On lui fait raconter en deux mots son histoire, pour ne pas laisser refroidir la soupe.

Lida l’avait empoisonné pour le faire mourir, parce que cette peste en avait assez d’un mari ; c’est là ce qui lui avait bistourné la figure. Mais un jour que Lida avait eu avec quelqu’un une violente dispute, elle avait ramassé un énorme coup de bâton sur le haut de la tête, et elle était tombée raide morte. Paulin avait été forcé de s’enfuir, dans la crainte qu’on ne l’accusât d’avoir tué sa femme. « Aïa ! c’est le bâton qui l’a tuée ! »
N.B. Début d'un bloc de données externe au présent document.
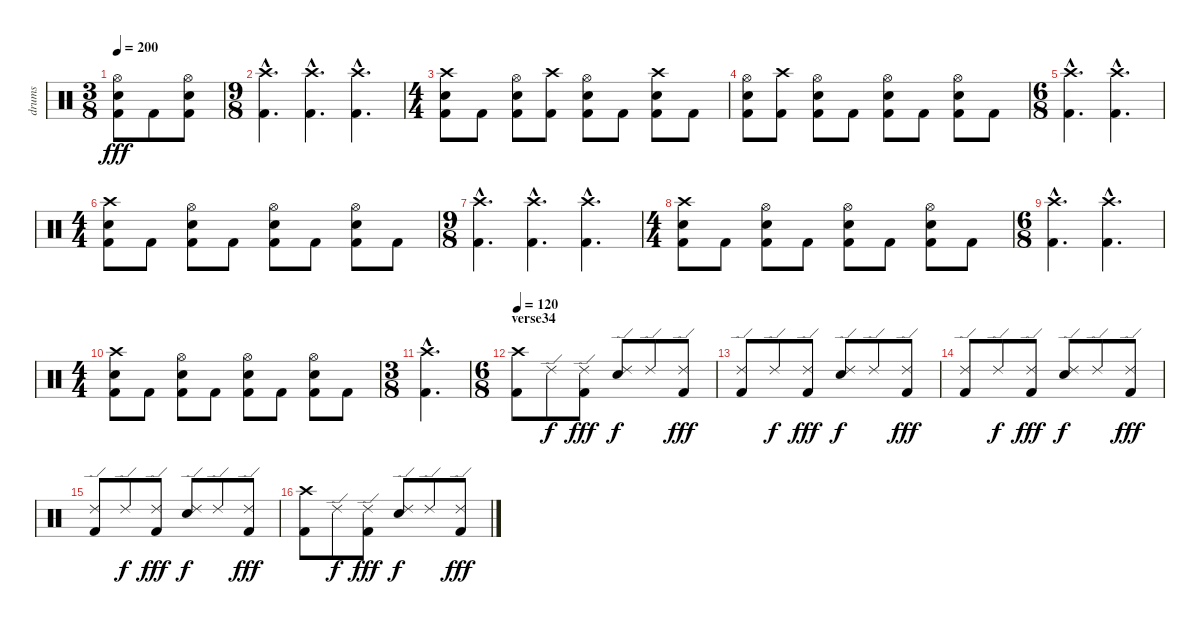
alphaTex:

\track ("drums" "drums") {instrument percussion}
\staff {score}
\articulation defaults
\ts (3 8)
\tempo 200
\clef neutral
\ks c
("Hi-Hat (open)" "Snare (hit) 2" "Kick (hit) 2").8{dy fff} "Kick (hit) 2".8 ("Hi-Hat (open)" "Snare (hit) 2" "Kick (hit) 2").8 |
\ts (9 8)
("Crash high (hit)"{hac} "Kick (hit) 2"{hac}).4{d} ("Crash high (hit)"{hac} "Kick (hit) 2"{hac}).4{d} ("Crash high (hit)"{hac} "Kick (hit) 2"{hac}).4{d} |
\ts (4 4)
("Crash high (hit)" "Snare (hit) 2" "Kick (hit) 2").8 "Kick (hit) 2".8 ("Hi-Hat (open)" "Snare (hit) 2" "Kick (hit) 2").8 ("Crash high (hit)" "Kick (hit) 2").8 ("Hi-Hat (open)" "Snare (hit) 2" "Kick (hit) 2").8 "Kick (hit) 2".8 ("Crash high (hit)" "Snare (hit) 2" "Kick (hit) 2").8 "Kick (hit) 2".8 |
("Hi-Hat (open)" "Snare (hit) 2" "Kick (hit) 2").8 ("Crash high (hit)" "Kick (hit) 2").8 ("Hi-Hat (open)" "Snare (hit) 2" "Kick (hit) 2").8 "Kick (hit) 2".8 ("Hi-Hat (open)" "Snare (hit) 2" "Kick (hit) 2").8 "Kick (hit) 2".8 ("Hi-Hat (open)" "Snare (hit) 2" "Kick (hit) 2").8 "Kick (hit) 2".8 |
\ts (6 8)
("Crash high (hit)"{hac} "Kick (hit) 2"{hac}).4{d} ("Crash high (hit)"{hac} "Kick (hit) 2"{hac}).4{d} |
\ts (4 4)
("Crash high (hit)" "Snare (hit) 2" "Kick (hit) 2").8 "Kick (hit) 2".8 ("Hi-Hat (open)" "Snare (hit) 2" "Kick (hit) 2").8 "Kick (hit) 2".8 ("Hi-Hat (open)" "Snare (hit) 2" "Kick (hit) 2").8 "Kick (hit) 2".8 ("Hi-Hat (open)" "Snare (hit) 2" "Kick (hit) 2").8 "Kick (hit) 2".8 |
\ts (9 8)
("Crash high (hit)"{hac} "Kick (hit) 2"{hac}).4{d} ("Crash high (hit)"{hac} "Kick (hit) 2"{hac}).4{d} ("Crash high (hit)"{hac} "Kick (hit) 2"{hac}).4{d} |
\ts (4 4)
("Crash high (hit)" "Snare (hit) 2" "Kick (hit) 2").8 "Kick (hit) 2".8 ("Hi-Hat (open)" "Snare (hit) 2" "Kick (hit) 2").8 "Kick (hit) 2".8 ("Hi-Hat (open)" "Snare (hit) 2" "Kick (hit) 2").8 "Kick (hit) 2".8 ("Hi-Hat (open)" "Snare (hit) 2" "Kick (hit) 2").8 "Kick (hit) 2".8 |
\ts (6 8)
("Crash high (hit)"{hac} "Kick (hit) 2"{hac}).4{d} ("Crash high (hit)"{hac} "Kick (hit) 2"{hac}).4{d} |
\ts (4 4)
("Crash high (hit)" "Snare (hit) 2" "Kick (hit) 2").8 "Kick (hit) 2".8 ("Hi-Hat (open)" "Snare (hit) 2" "Kick (hit) 2").8 "Kick (hit) 2".8 ("Hi-Hat (open)" "Snare (hit) 2" "Kick (hit) 2").8 "Kick (hit) 2".8 ("Hi-Hat (open)" "Snare (hit) 2" "Kick (hit) 2").8 "Kick (hit) 2".8 |
\ts (3 8)
("Crash high (hit)"{hac} "Kick (hit) 2"{hac}).4{d} |
\ts (6 8)
\section ("" "verse34")
\tempo 120
("Crash high (hit)" "Kick (hit) 2").8 "Ride (edge) 2".8{dy f} ("Ride (edge) 2" "Kick (hit) 2").8{dy fff} ("Ride (edge) 2" "Snare (hit) 2").8{dy f} "Ride (edge) 2".8 ("Ride (edge) 2" "Kick (hit) 2").8{dy fff} |
("Ride (edge) 2" "Kick (hit) 2").8 "Ride (edge) 2".8{dy f} ("Ride (edge) 2" "Kick (hit) 2").8{dy fff} ("Ride (edge) 2" "Snare (hit) 2").8{dy f} "Ride (edge) 2".8 ("Ride (edge) 2" "Kick (hit) 2").8{dy fff} |
("Ride (edge) 2" "Kick (hit) 2").8 "Ride (edge) 2".8{dy f} ("Ride (edge) 2" "Kick (hit) 2").8{dy fff} ("Ride (edge) 2" "Snare (hit) 2").8{dy f} "Ride (edge) 2".8 ("Ride (edge) 2" "Kick (hit) 2").8{dy fff} |
("Ride (edge) 2" "Kick (hit) 2").8 "Ride (edge) 2".8{dy f} ("Ride (edge) 2" "Kick (hit) 2").8{dy fff} ("Ride (edge) 2" "Snare (hit) 2").8{dy f} "Ride (edge) 2".8 ("Ride (edge) 2" "Kick (hit) 2").8{dy fff} |
("Crash high (hit)" "Kick (hit) 2").8 "Ride (edge) 2".8{dy f} ("Ride (edge) 2" "Kick (hit) 2").8{dy fff} ("Ride (edge) 2" "Snare (hit) 2").8{dy f} "Ride (edge) 2".8 ("Ride (edge) 2" "Kick (hit) 2").8{dy fff}

« Dînons, mon frère ! tu demeureras avec nous, ne t’inquiète plus de rien. »

Au moment où je veux m’asseoir à table avec eux, on retire ma chaise de derrière moi ; je tombe, je roule, je roule, et ne m’arrête qu’ici pour vous raconter cette histoire.[1]


  1. Est-ce un conte noir ? Est-ce du Lindor, le Lindor de « septe cousins av septe cousines » ? (no XVII). L’histoire part et arrive ; une main sûre la dirige sans la laisser dévier jamais. Il y a là-dedans un savoir-faire auquel le bonhomme ne nous a pas habitués. Et ses personnages sont vivants, et ses épisodes sont liés, et, chose grave, notre version française nous semble par exception à peine inférieure à la créole. Le conte de Paulin avec Pauline fait avec tous les autres un contraste qui n’échappera pas au lecteur.